Start of Block
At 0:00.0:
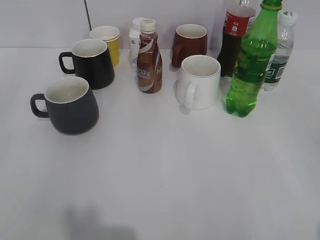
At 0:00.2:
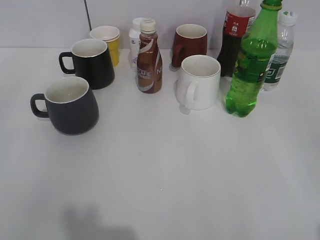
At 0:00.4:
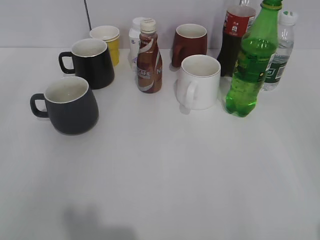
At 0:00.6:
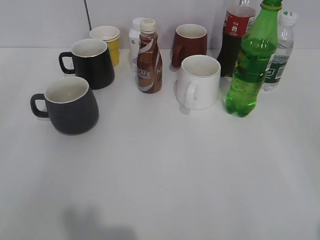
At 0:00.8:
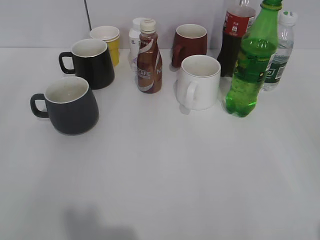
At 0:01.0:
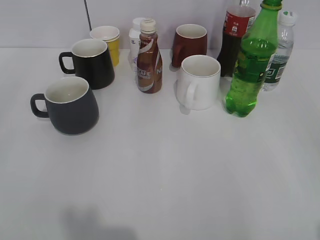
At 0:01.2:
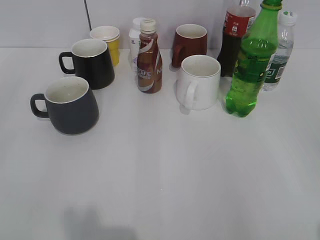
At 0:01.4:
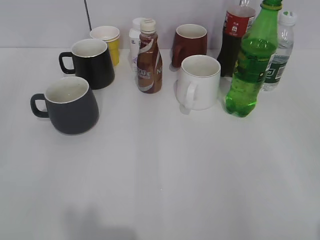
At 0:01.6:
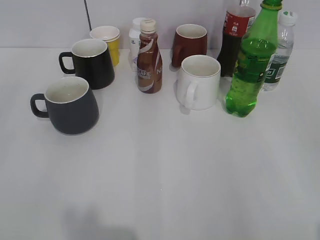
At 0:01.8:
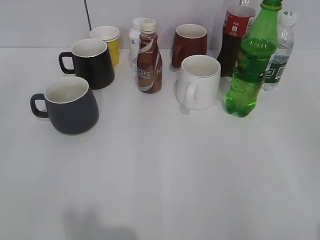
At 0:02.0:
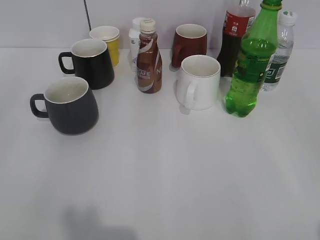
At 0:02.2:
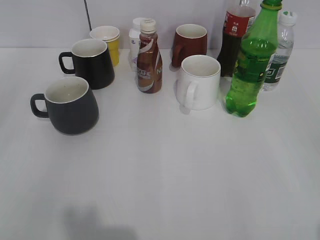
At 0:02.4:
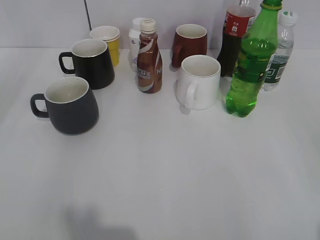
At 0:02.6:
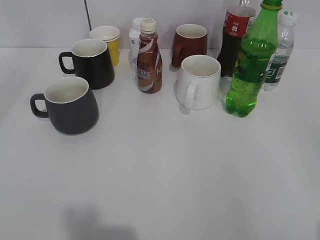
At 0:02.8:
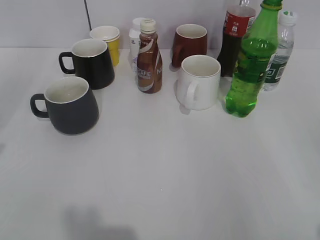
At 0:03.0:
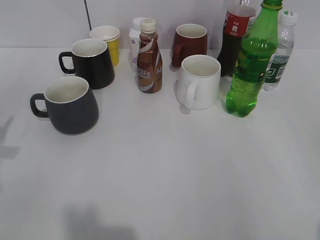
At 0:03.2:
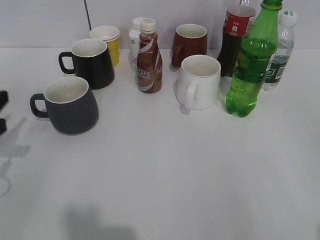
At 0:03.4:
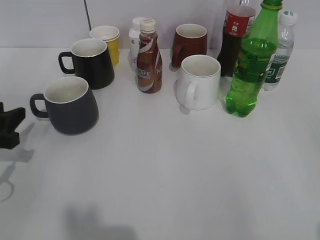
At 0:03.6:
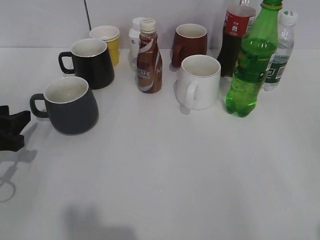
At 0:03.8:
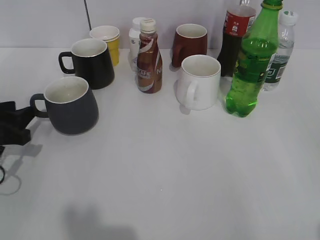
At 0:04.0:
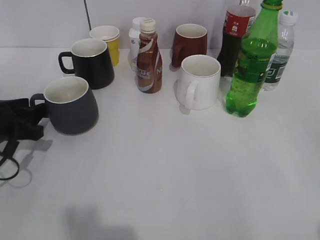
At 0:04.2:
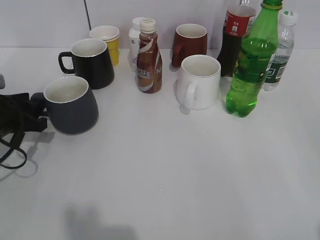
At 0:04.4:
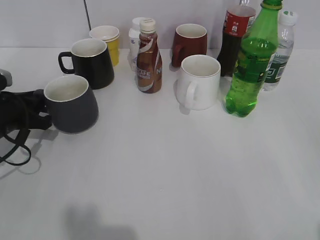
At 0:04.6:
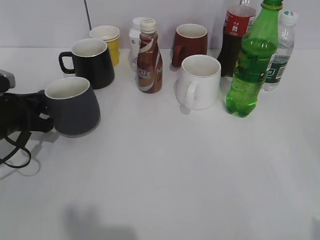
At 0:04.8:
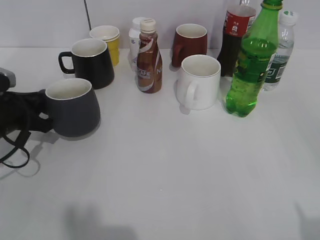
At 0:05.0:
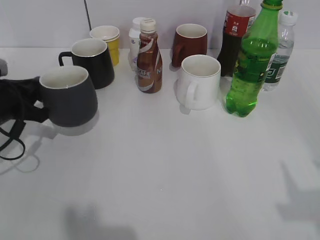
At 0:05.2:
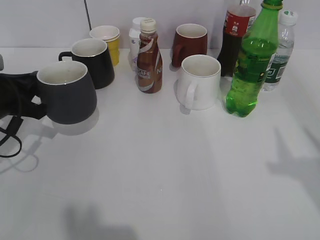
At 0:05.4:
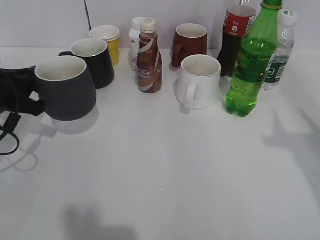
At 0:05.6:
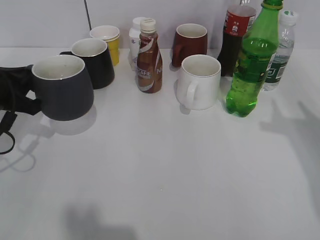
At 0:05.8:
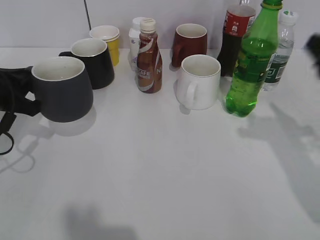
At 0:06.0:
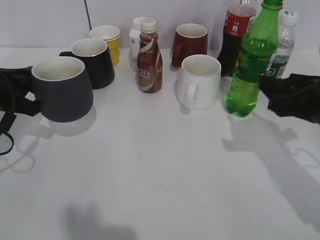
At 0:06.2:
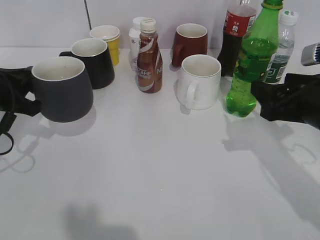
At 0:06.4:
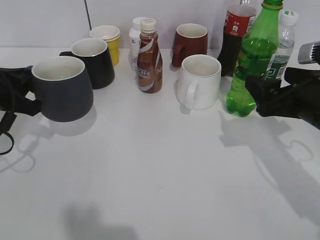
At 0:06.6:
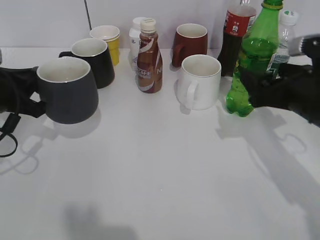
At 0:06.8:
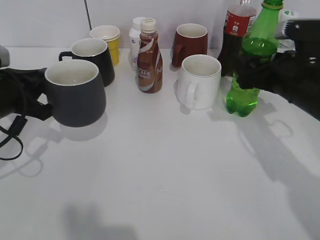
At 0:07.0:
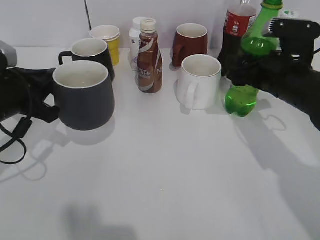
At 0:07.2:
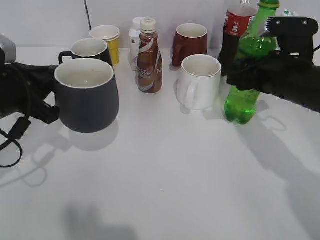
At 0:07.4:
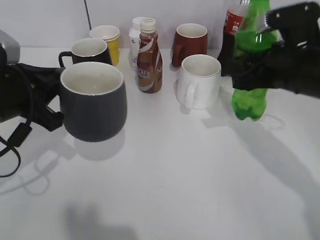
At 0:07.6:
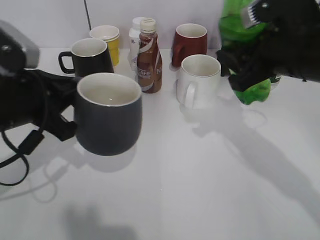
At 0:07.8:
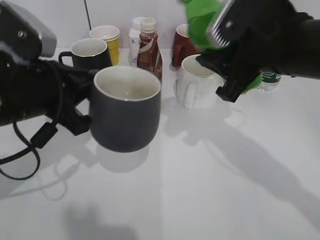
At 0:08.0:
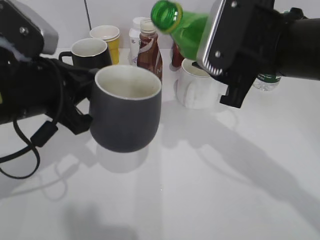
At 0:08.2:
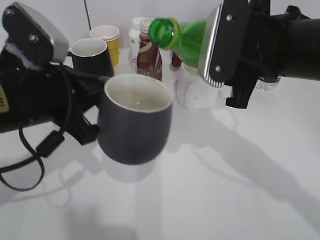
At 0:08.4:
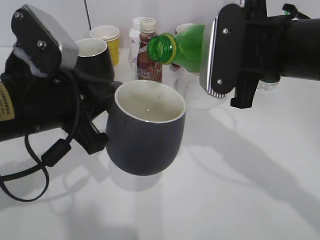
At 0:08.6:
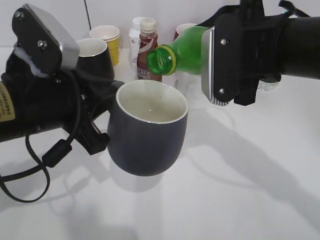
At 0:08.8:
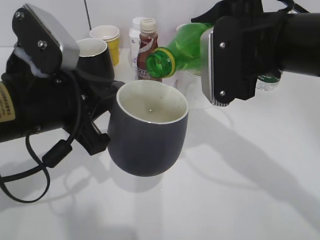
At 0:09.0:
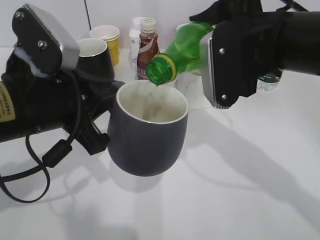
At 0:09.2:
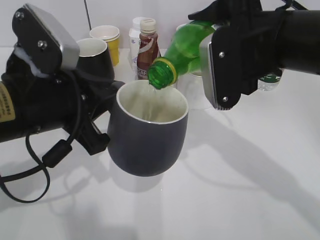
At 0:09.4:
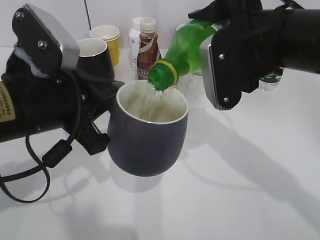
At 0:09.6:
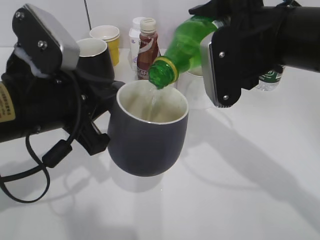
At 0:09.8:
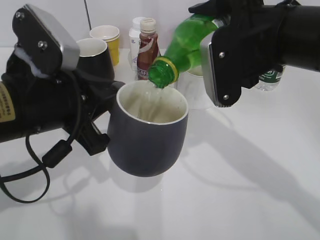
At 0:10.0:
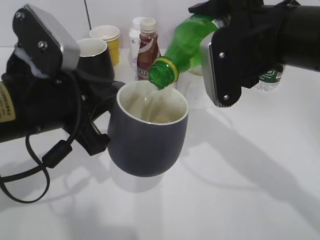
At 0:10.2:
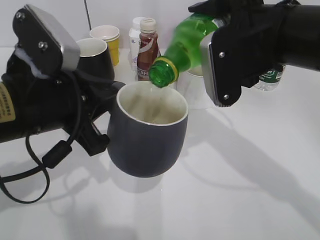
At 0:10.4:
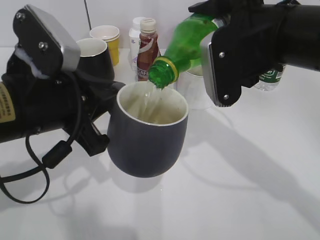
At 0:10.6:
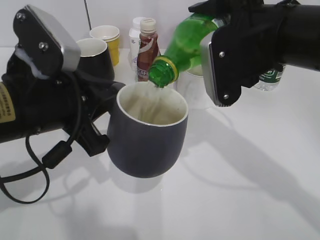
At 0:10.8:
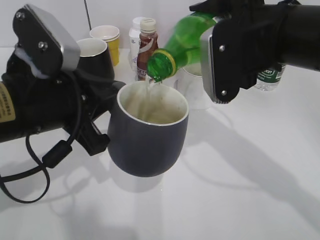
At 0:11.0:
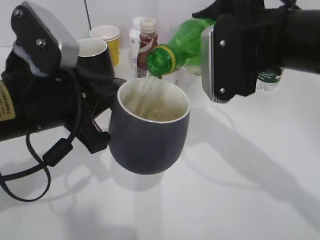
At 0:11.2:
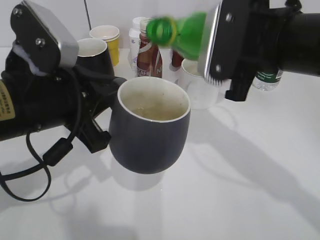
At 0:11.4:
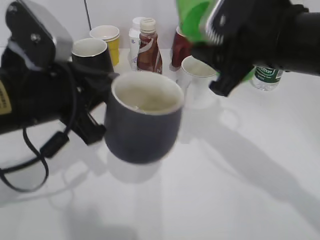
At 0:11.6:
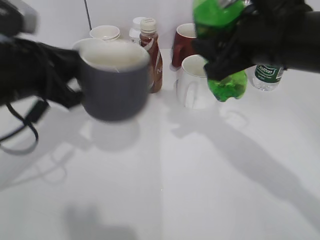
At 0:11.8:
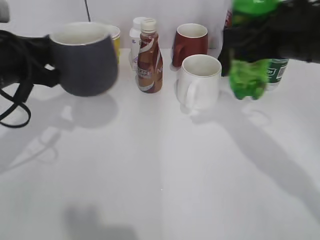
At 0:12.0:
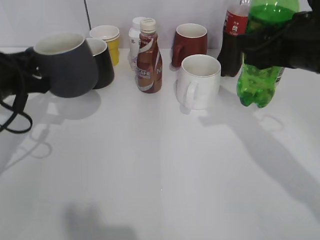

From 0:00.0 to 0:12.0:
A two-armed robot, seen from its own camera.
Step, from 0:02.0 to 0:04.4: Grasp the grey cup with left gripper.
Step, from 0:04.6 to 0:05.6: Lift the grey cup with left gripper.
Step, from 0:05.8 to 0:07.0: Grasp the bottle with sprite with right gripper.
Step, from 0:07.2 to 0:11.2: Pour the sprite from bottle to cup with right gripper.
From 0:03.0 to 0:04.4: The left gripper heads forward and downward, covering some 15 cm, and opens and closes again.
From 0:04.4 to 0:06.0: The right gripper is displaced forward by roughly 20 cm, and closes up. The left gripper shifts roughly 5 cm upward.
From 0:06.0 to 0:07.6: The left gripper travels to the right and backward by some 10 cm; the right gripper shifts some 5 cm to the left, and opens, then closes again.
From 0:07.6 to 0:09.0: The right gripper moves approximately 5 cm. Meanwhile the left gripper moves to the right, some 5 cm.
From 0:09.0 to 0:10.4: There are only small adjustments of the grippers.
From 0:10.4 to 0:12.0: The left gripper goes about 15 cm to the left and forward. The right gripper travels to the right by some 5 cm.
End of Block
**What needs to be done**
Go through the entries and retype them exactly, except for the images.

**Answer to this exercise**
At 0:00.0:
At 0:00.2:
At 0:00.4:
At 0:00.6:
At 0:00.8:
At 0:01.0:
At 0:01.2:
At 0:01.4:
At 0:01.6:
At 0:01.8:
At 0:02.0:
At 0:02.2:
At 0:02.4:
At 0:02.6:
At 0:02.8:
At 0:03.0:
At 0:03.2:
At 0:03.4:
At 0:03.6:
At 0:03.8:
At 0:04.0:
At 0:04.2:
At 0:04.4:
At 0:04.6:
At 0:04.8:
At 0:05.0:
At 0:05.2:
At 0:05.4:
At 0:05.6:
At 0:05.8:
At 0:06.0:
At 0:06.2:
At 0:06.4:
At 0:06.6:
At 0:06.8:
At 0:07.0:
At 0:07.2:
At 0:07.4:
At 0:07.6:
At 0:07.8:
At 0:08.0:
At 0:08.2:
At 0:08.4:
At 0:08.6:
At 0:08.8:
At 0:09.0:
At 0:09.2:
At 0:09.4:
At 0:09.6:
At 0:09.8:
At 0:10.0:
At 0:10.2:
At 0:10.4:
At 0:10.6:
At 0:10.8:
At 0:11.0:
At 0:11.2:
At 0:11.4:
At 0:11.6:
At 0:11.8:
At 0:12.0:

From 0:00.0 to 0:12.0:
A two-armed robot, seen from its own camera.
Step, from 0:02.0 to 0:04.4: Grasp the grey cup with left gripper.
Step, from 0:04.6 to 0:05.6: Lift the grey cup with left gripper.
Step, from 0:05.8 to 0:07.0: Grasp the bottle with sprite with right gripper.
Step, from 0:07.2 to 0:11.2: Pour the sprite from bottle to cup with right gripper.
From 0:03.0 to 0:04.4: The left gripper heads forward and downward, covering some 15 cm, and opens and closes again.
From 0:04.4 to 0:06.0: The right gripper is displaced forward by roughly 20 cm, and closes up. The left gripper shifts roughly 5 cm upward.
From 0:06.0 to 0:07.6: The left gripper travels to the right and backward by some 10 cm; the right gripper shifts some 5 cm to the left, and opens, then closes again.
From 0:07.6 to 0:09.0: The right gripper moves approximately 5 cm. Meanwhile the left gripper moves to the right, some 5 cm.
From 0:09.0 to 0:10.4: There are only small adjustments of the grippers.
From 0:10.4 to 0:12.0: The left gripper goes about 15 cm to the left and forward. The right gripper travels to the right by some 5 cm.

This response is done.